**** Records for this exercise
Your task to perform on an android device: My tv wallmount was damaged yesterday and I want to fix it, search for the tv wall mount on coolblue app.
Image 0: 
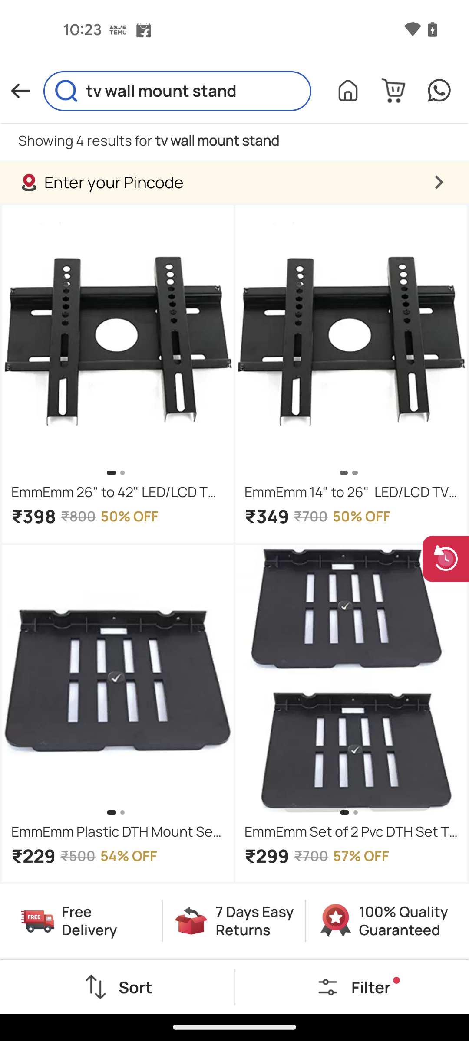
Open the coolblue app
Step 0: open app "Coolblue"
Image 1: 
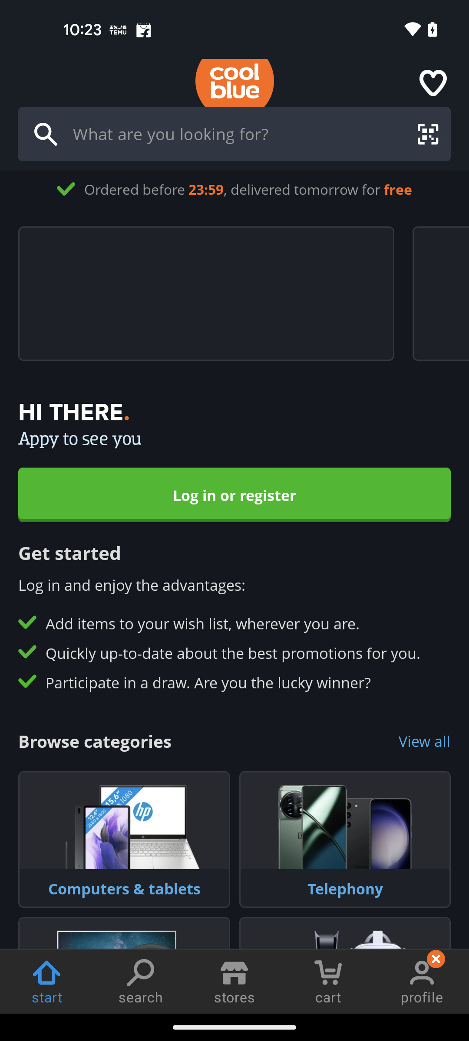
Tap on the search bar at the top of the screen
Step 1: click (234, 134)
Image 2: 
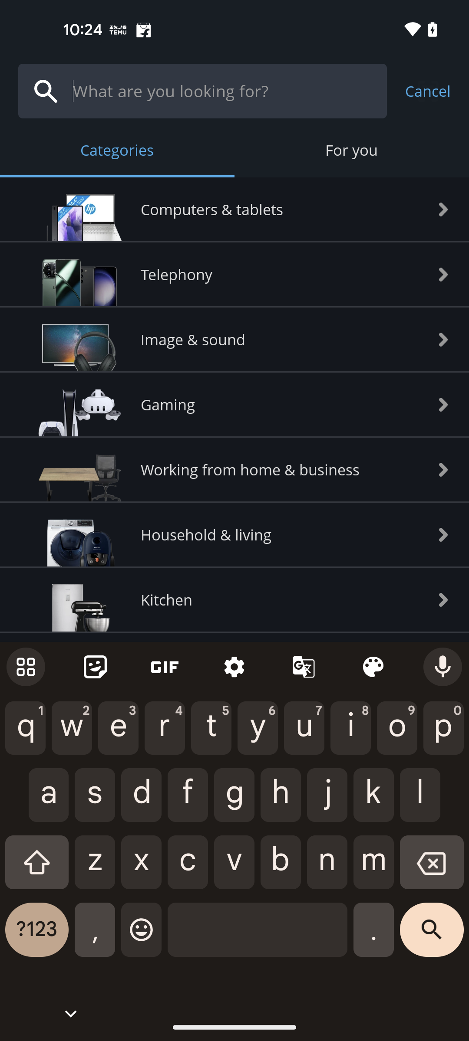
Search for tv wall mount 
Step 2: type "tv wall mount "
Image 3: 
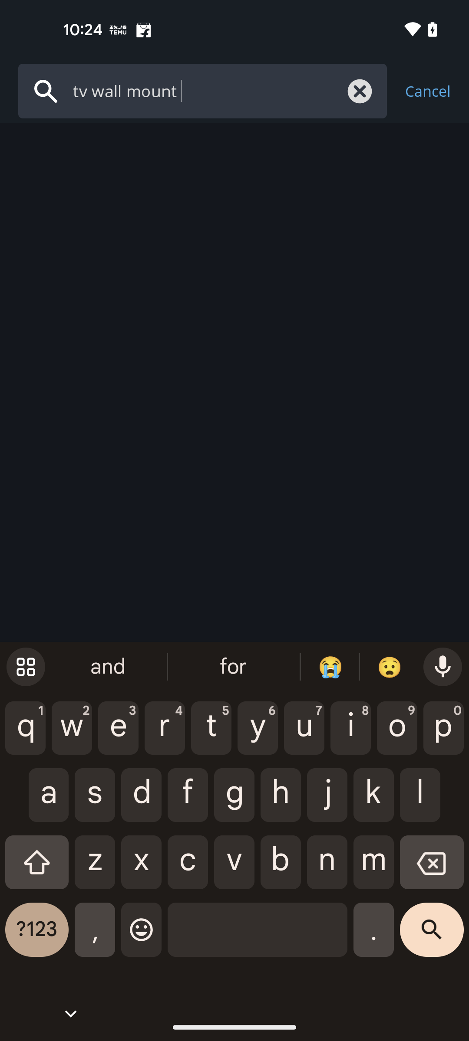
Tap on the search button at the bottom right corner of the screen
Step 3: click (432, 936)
********
What is needed – Looking back over the records above, in how many lines does the word "wall" occur? Give the number alone.

Answer area – 3